Nope...they're generally a little noisier. The bigger the cogs, the harder it is to make them run quietly.


----------



## Torelli4 (Mar 1, 2005)

Thx CX. Maybe I'll get a short cage and a small cassette since I only ride hills a couple of times a year.


----------



## KCTele (Apr 6, 2010)

I ran the KMC chain for about 3500 miles. Switched to the PC1051 chain this spring. Have about 500 miles on it now. I'm running a Force wifli setup & to me, it seems a bit quieter & seems to shift a bit smoother up front than with the KMC.


----------



## Torelli4 (Mar 1, 2005)

UPDATE: Replaced the KMC X10SL with a Dura-Ace 7901 and the drivetrain is as silent as my Campy Centaur.

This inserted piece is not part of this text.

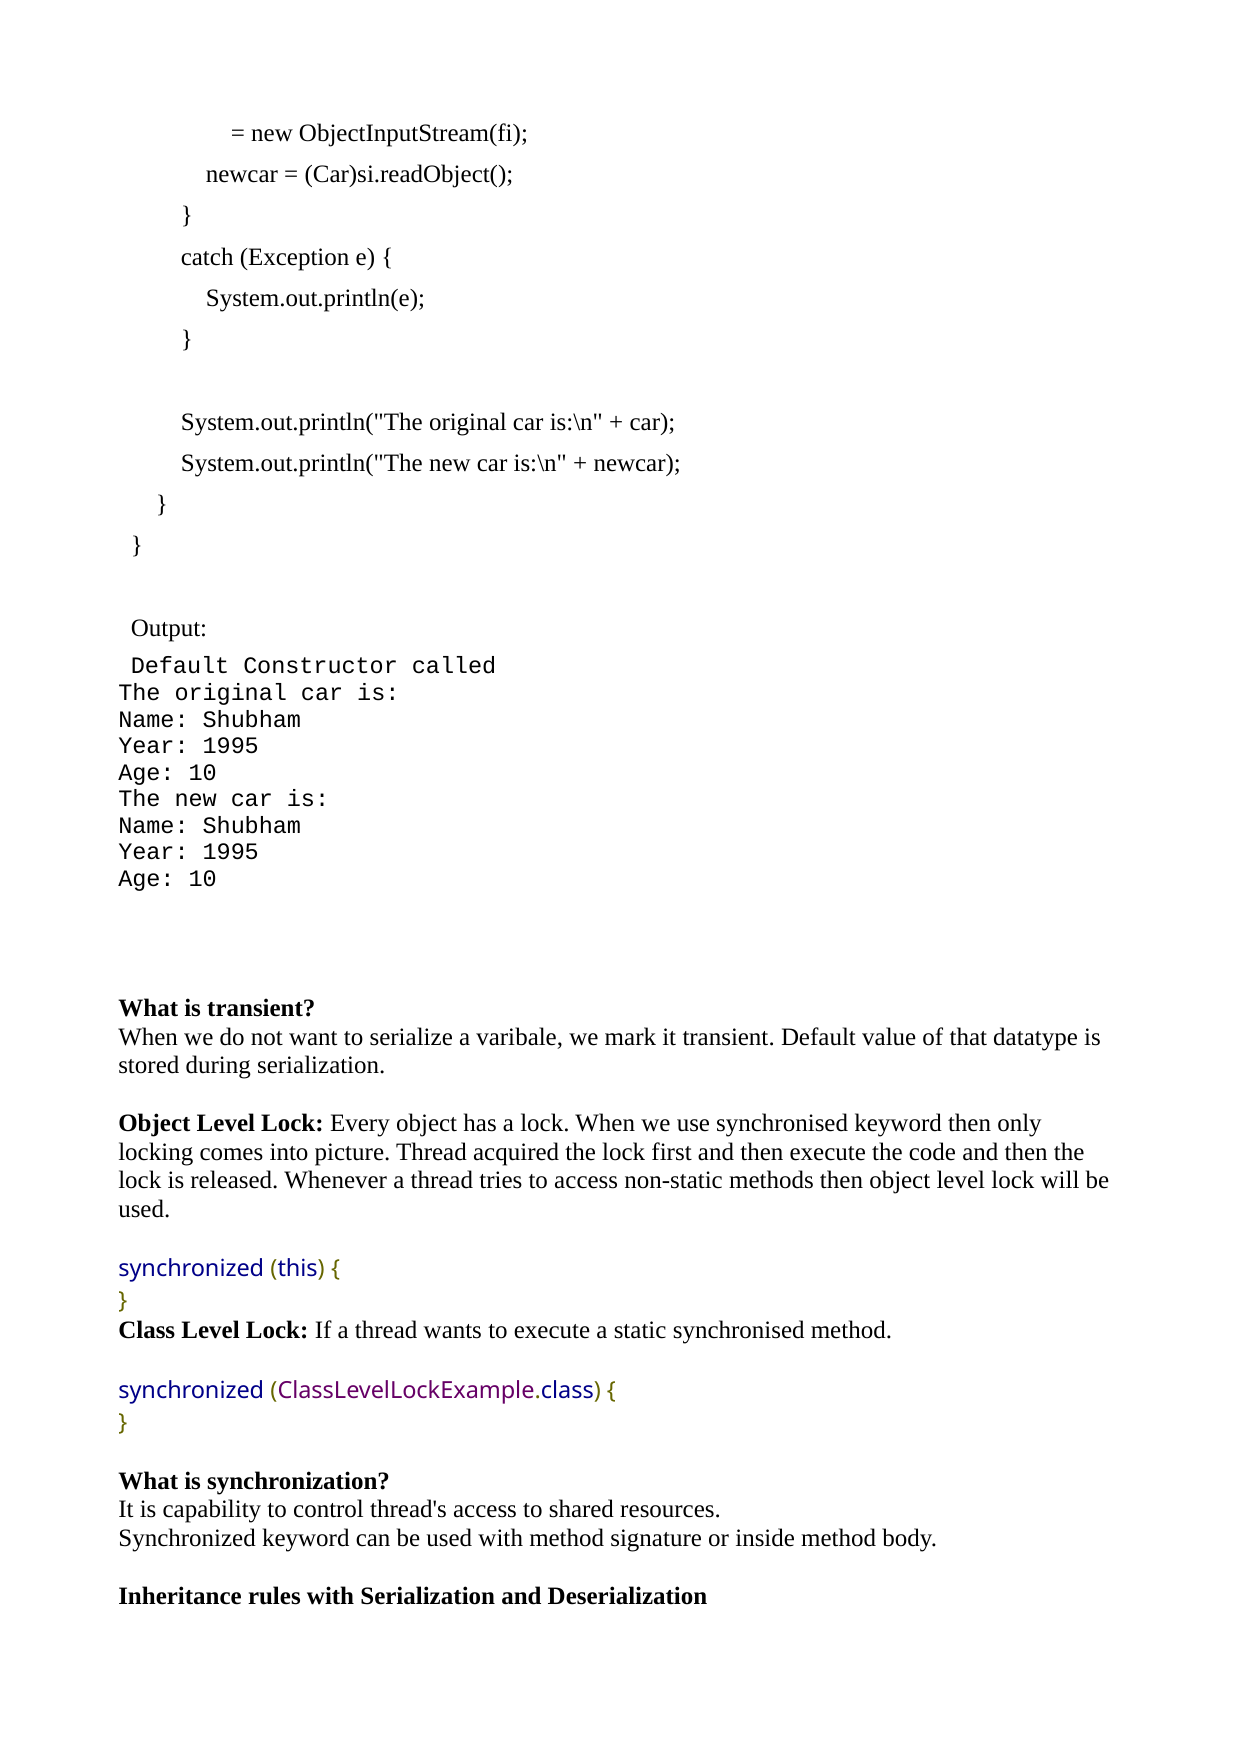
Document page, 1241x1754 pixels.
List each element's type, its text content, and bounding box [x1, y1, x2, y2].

Hope it helps somebody; I was ready to give up on SRAM.


----------



## TucsonMTB (Aug 3, 2008)

Torelli4 said:


> UPDATE: Replaced the KMC X10SL with a Dura-Ace 7901 and the drivetrain is as silent as my Campy Centaur. Hope it helps somebody; I was ready to give up on SRAM.


*+1* . . . The Dura-Ace chain made a very noticeable difference with the standard, compact gearing on my Rival equipped Scott Addict too. And, they seem to last forever, according to my cheap Park chain stretch gauge.


----------